Around 190 million women worldwide have it, yet the average time between first experiencing symptoms and getting diagnosed is seven to ten years. Many women spend years being told their pain is in their heads, that they are exaggerating, or that it is just part of being a woman. It is none of those things.

What is Endometriosis?

Endometriosis is a chronic condition where tissue similar to your uterine lining, called the endometrium, grows outside the uterus. This tissue can show up on your fallopian tubes, ovaries, the outer surface of your uterus, your bowel, your bladder, and sometimes even organs further away.

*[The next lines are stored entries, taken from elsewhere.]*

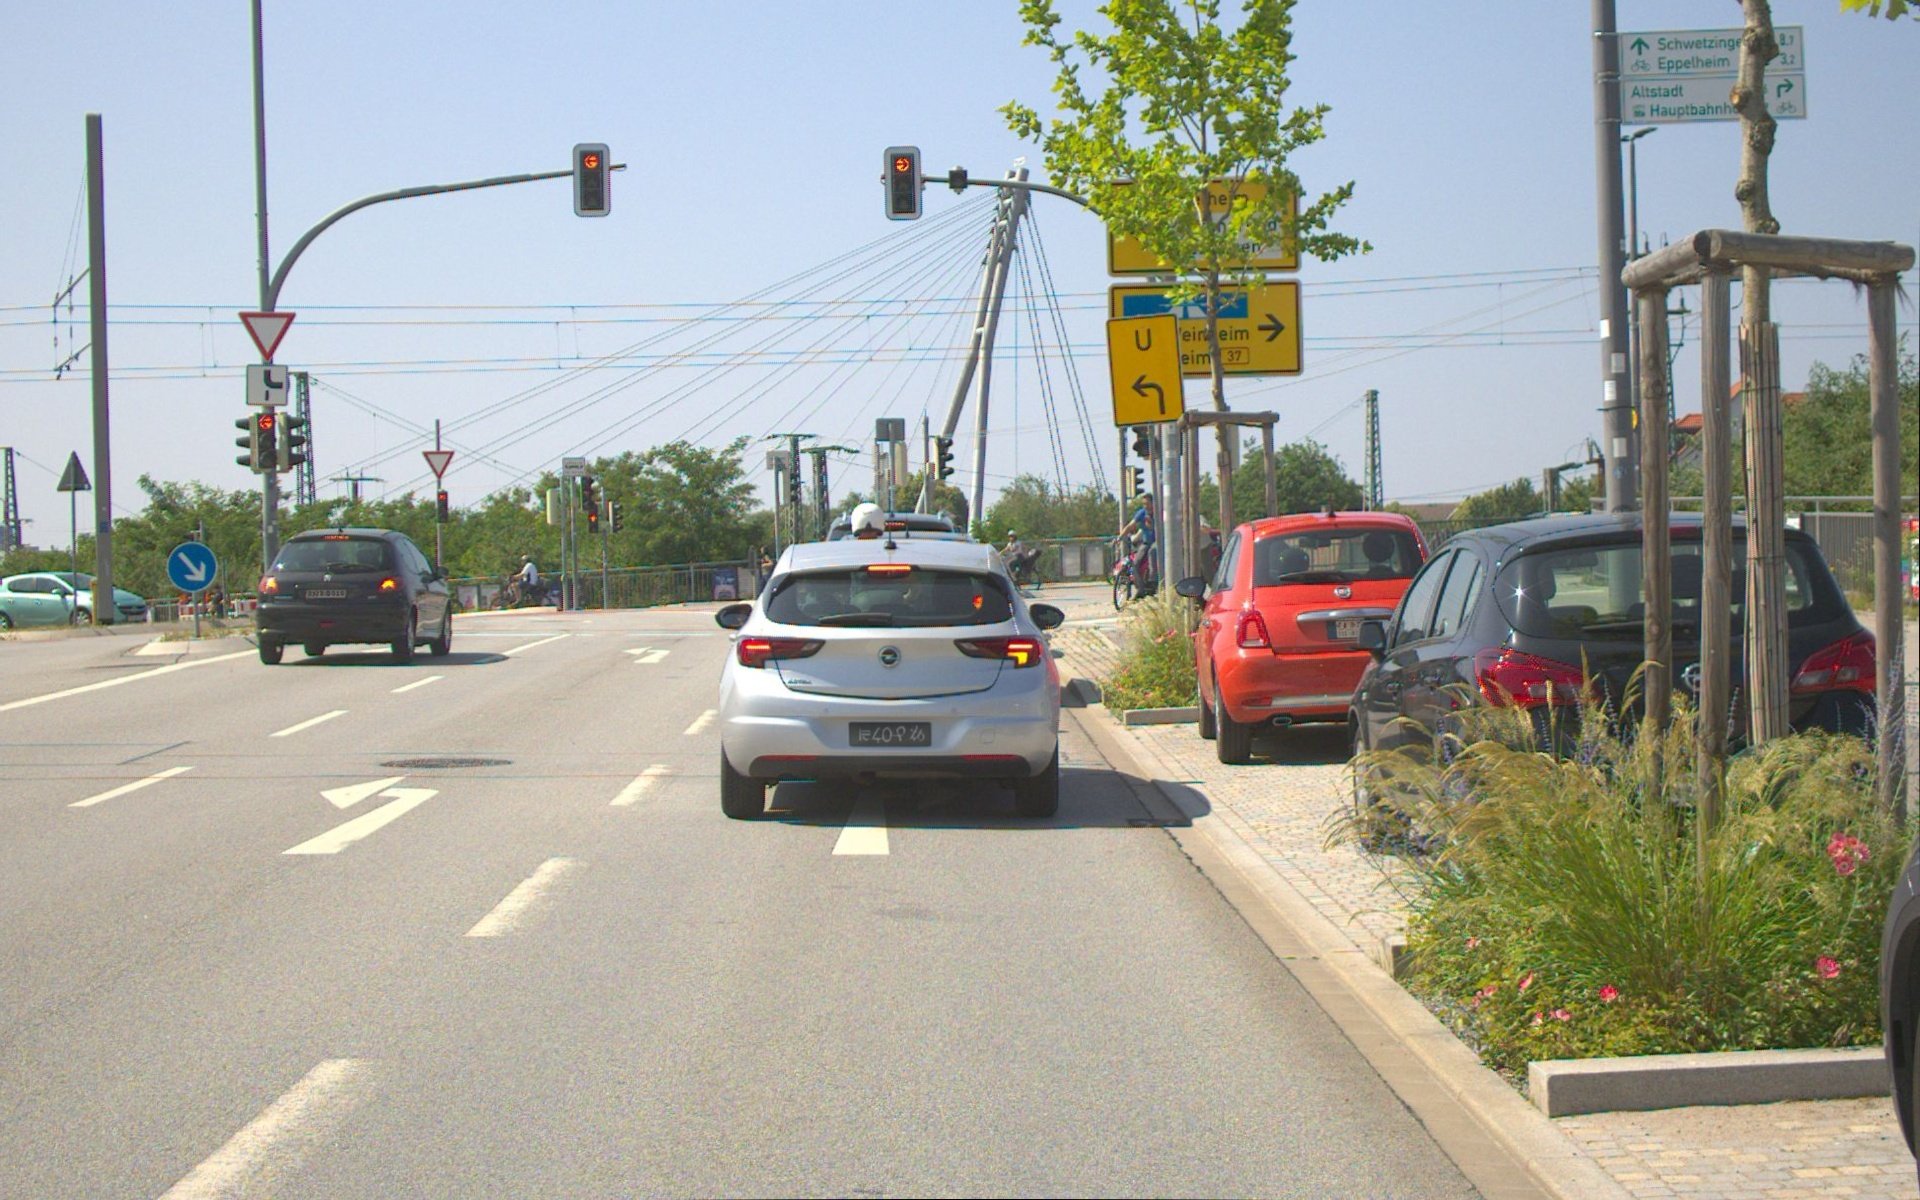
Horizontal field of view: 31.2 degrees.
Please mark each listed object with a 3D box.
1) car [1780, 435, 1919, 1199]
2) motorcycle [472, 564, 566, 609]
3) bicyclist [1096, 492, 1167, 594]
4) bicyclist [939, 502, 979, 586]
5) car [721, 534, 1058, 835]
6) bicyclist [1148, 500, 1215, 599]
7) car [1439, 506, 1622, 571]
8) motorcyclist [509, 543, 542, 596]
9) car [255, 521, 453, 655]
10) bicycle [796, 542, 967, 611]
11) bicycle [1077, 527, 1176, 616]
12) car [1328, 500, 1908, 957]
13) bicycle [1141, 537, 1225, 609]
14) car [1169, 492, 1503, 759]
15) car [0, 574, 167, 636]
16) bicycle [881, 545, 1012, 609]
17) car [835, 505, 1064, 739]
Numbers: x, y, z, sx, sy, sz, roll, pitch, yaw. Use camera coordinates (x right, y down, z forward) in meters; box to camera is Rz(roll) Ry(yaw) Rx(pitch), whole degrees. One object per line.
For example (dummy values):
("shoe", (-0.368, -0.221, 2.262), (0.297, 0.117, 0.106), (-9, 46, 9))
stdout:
("car", (2.643, 0.517, 4.937), (1.803, 1.677, 4.271), (-3, 1, -1))
("motorcycle", (-12.316, -0.376, 95.981), (2.536, 1.229, 0.648), (1, 0, -1))
("bicyclist", (2.642, -0.876, 52.911), (0.861, 1.554, 0.824), (1, 0, 22))
("bicyclist", (-0.015, -0.994, 61.474), (0.718, 1.499, 0.824), (0, 0, 0))
("car", (-0.376, 0.383, 19.436), (1.690, 1.514, 4.271), (0, 1, -1))
("bicyclist", (3.564, -0.809, 55.281), (0.821, 1.563, 0.947), (1, 0, 21))
("car", (14.862, -1.588, 89.631), (4.244, 1.668, 2.001), (0, 1, -17))
("motorcyclist", (-12.128, -0.855, 95.970), (0.809, 1.471, 0.885), (1, 0, 0))
("car", (-6.572, -0.141, 37.548), (1.587, 1.390, 3.340), (-1, 0, -1))
("bicycle", (-1.156, -0.346, 50.870), (2.504, 1.003, 0.605), (0, 1, 1))
("bicycle", (2.566, -0.450, 52.664), (0.727, 1.130, 2.530), (-4, 3, 19))
("car", (2.550, 0.413, 14.093), (1.581, 1.550, 3.547), (-3, 2, -1))
("bicycle", (3.605, -0.433, 55.371), (0.676, 1.123, 2.363), (1, 0, 21))
("car", (2.377, 0.135, 22.594), (1.669, 1.534, 3.917), (-2, 1, -1))
("car", (-20.390, 0.110, 79.680), (3.795, 1.357, 1.530), (-1, 2, 27))
("bicycle", (-0.238, -0.414, 61.471), (2.319, 1.129, 0.637), (0, 1, 1))
("car", (-0.097, 0.141, 26.805), (1.634, 1.668, 3.745), (1, 0, -1))

Every month, when your hormones shift during your cycle, this misplaced tissue behaves exactly like the lining inside your uterus. It thickens, breaks down, and tries to bleed. But unlike menstrual blood, this blood cannot go anywhere. It gets trapped, causing inflammation, scarring, and adhesions, bands of fibrous tissue that glue organs together.

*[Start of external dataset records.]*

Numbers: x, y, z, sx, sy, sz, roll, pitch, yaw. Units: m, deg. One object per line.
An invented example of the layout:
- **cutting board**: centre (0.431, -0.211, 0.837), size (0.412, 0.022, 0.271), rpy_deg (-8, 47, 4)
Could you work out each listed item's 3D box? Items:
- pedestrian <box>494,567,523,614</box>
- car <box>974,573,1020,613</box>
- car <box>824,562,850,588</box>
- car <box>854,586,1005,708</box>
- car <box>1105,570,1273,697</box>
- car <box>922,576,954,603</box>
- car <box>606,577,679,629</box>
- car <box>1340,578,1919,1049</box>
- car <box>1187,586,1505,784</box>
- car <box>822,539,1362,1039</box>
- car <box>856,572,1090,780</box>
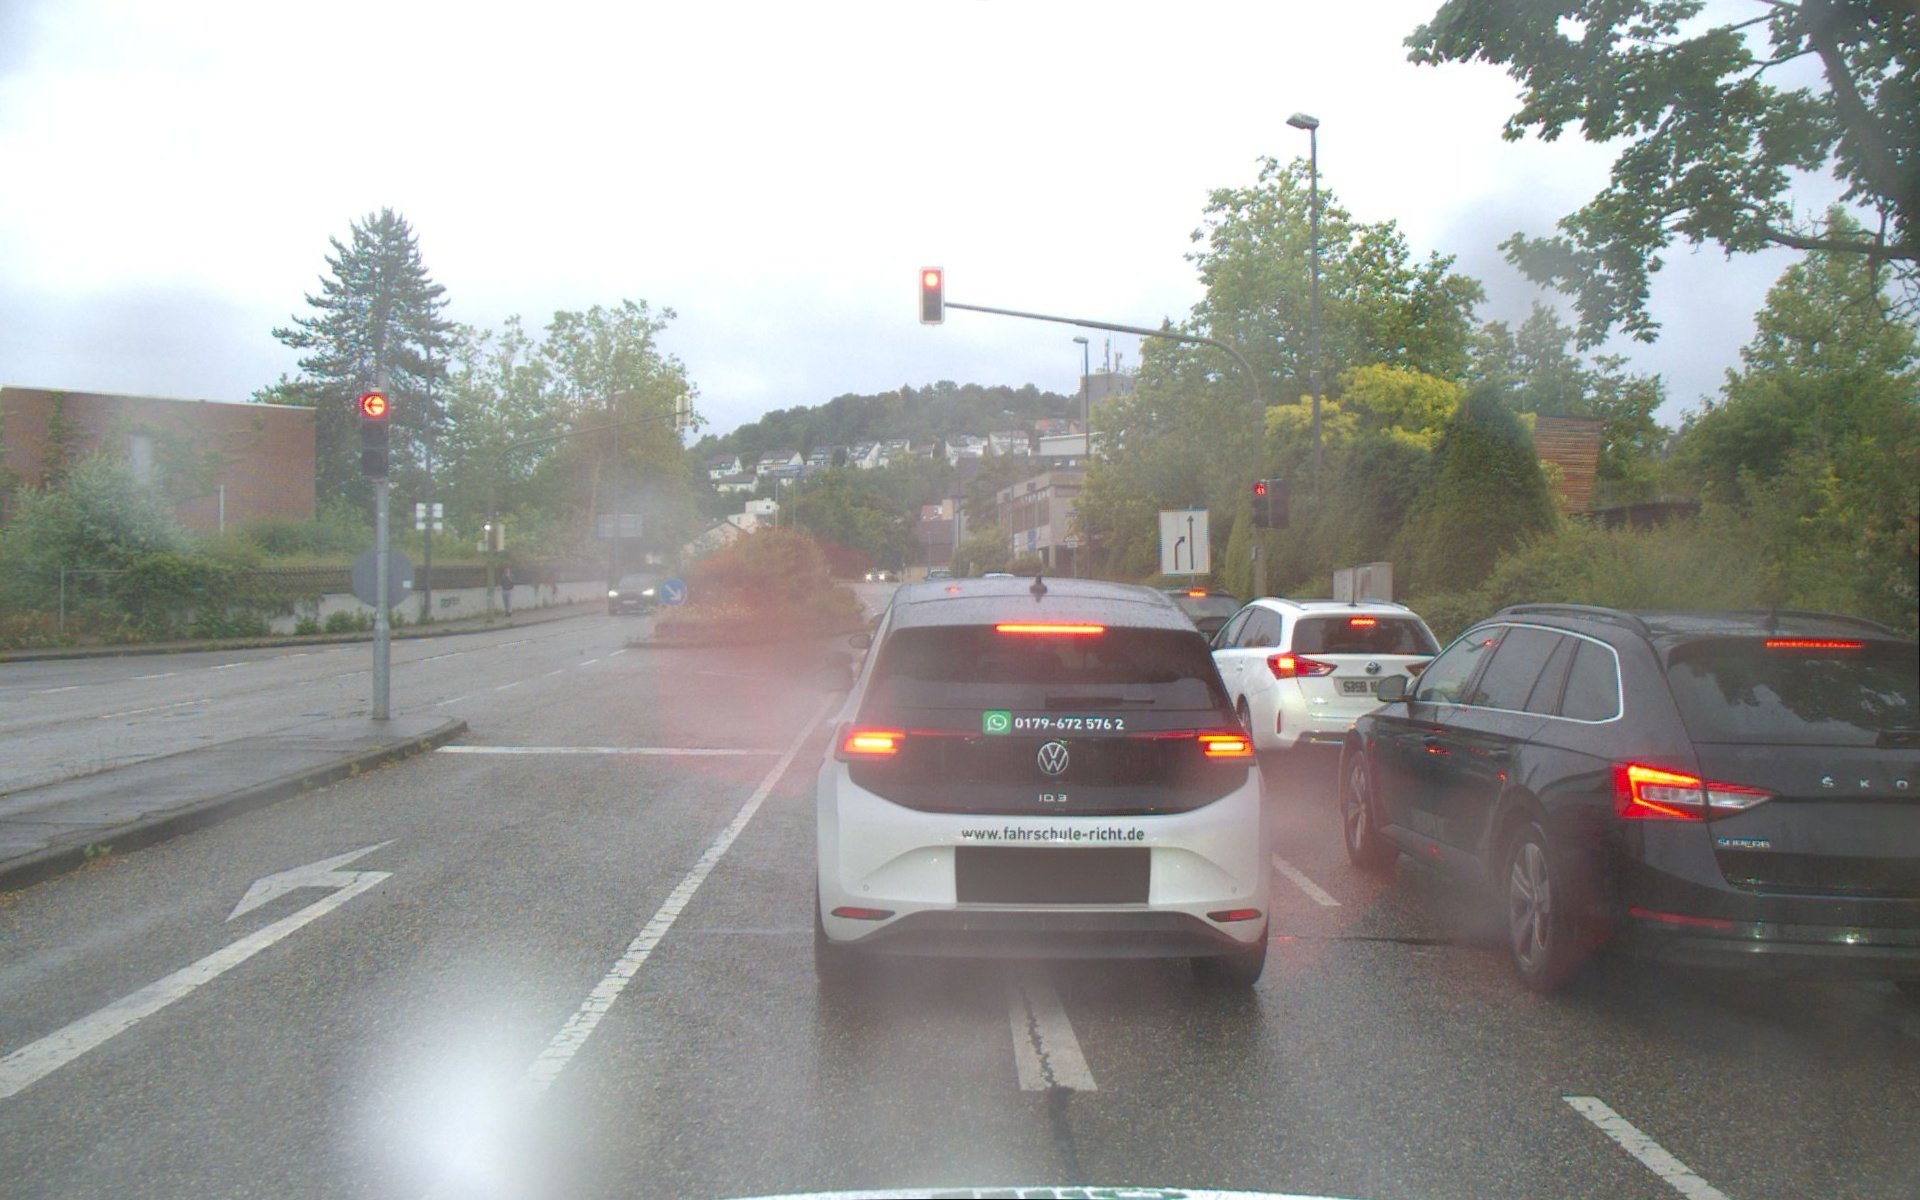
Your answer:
- **pedestrian**: centre (-15.629, -0.316, 57.229), size (0.744, 1.595, 0.825), rpy_deg (-2, 0, -2)
- **car**: centre (1.407, -0.252, 64.084), size (1.549, 1.492, 3.998), rpy_deg (-1, 0, -2)
- **car**: centre (-10.390, -2.086, 140.215), size (1.953, 2.049, 3.999), rpy_deg (1, -1, -1)
- **car**: centre (-0.417, 0.554, 21.958), size (1.800, 1.424, 3.830), rpy_deg (1, 1, -1)
- **car**: centre (3.136, 0.434, 23.355), size (1.739, 1.609, 3.999), rpy_deg (1, 0, -1)
- **car**: centre (-1.284, -0.623, 94.999), size (1.726, 1.443, 3.747), rpy_deg (-1, 1, -3)
- **car**: centre (-12.051, 0.103, 63.029), size (1.953, 1.836, 3.999), rpy_deg (-3, 0, -1)
- **car**: centre (3.117, 0.676, 7.494), size (1.800, 1.492, 4.350), rpy_deg (1, 1, 1)
- **car**: centre (3.296, 0.652, 14.971), size (1.800, 1.492, 4.116), rpy_deg (1, 1, -1)
- **car**: centre (0.398, 0.622, 7.925), size (1.800, 1.657, 4.614), rpy_deg (1, 1, -1)
- **car**: centre (0.054, 0.575, 15.034), size (1.800, 1.582, 4.174), rpy_deg (1, 1, -1)

Over time, this leads to pain, structural damage, and often fertility problems that blindside women who had no idea this was happening inside them.

Endometriosis Symptoms: What Does it Actually Feel Like?

Endometriosis symptoms vary massively from woman to woman. Some women have widespread endometriosis and barely any symptoms. Others have small patches of tissue and pain that derail their entire life. The condition does not always announce itself loudly, which is part of why it goes undiagnosed for so long, and why so many women end up doubting themselves before anyone believes them. The most common symptoms are:

  • Painful Periods: Pain that starts before your period, continues through it, and does not respond to standard painkillers is one of the hallmark endometriosis symptoms. This is not ordinary cramping. It is the kind of pain that has you curled up on the bathroom floor, missing work, cancelling plans, and quietly wondering if this is just what your life will look like every month.
  • Chronic Pelvic Pain: Many women with endometriosis have pain throughout the month, not just during periods. It can be a dull, constant ache or sharp and sudden. It tends to get worse over time if left untreated.
  • Pain During or After Sex: Deep pain during intercourse, especially in certain positions, is common and often goes unspoken. It happens because endometrial deposits can form behind the uterus and around the vaginal walls. Many women stay silent about this for years, not realising it is a medical symptom worth mentioning.
  • Painful Bowel Movements or Urination: Around your period, bowel and bladder symptoms such as pain, urgency, and bloating are common. Endometrial tissue can attach to your bowel or bladder, making what should be normal bodily functions genuinely painful.
  • Heavy Menstrual Bleeding: Extremely heavy flow during periods with large clots could indicate endometriosis. 
  • Infertility: Endometriosis affects about 30-50% of women who struggle to conceive. The scars and adhesions can damage the fallopian tubes and ovaries, affecting fertilisation.
  • Fatigue: A high level of exhaustion that exceeds the normal tiredness and does not get better with sleep. This is more frequent around the time of menstruation. 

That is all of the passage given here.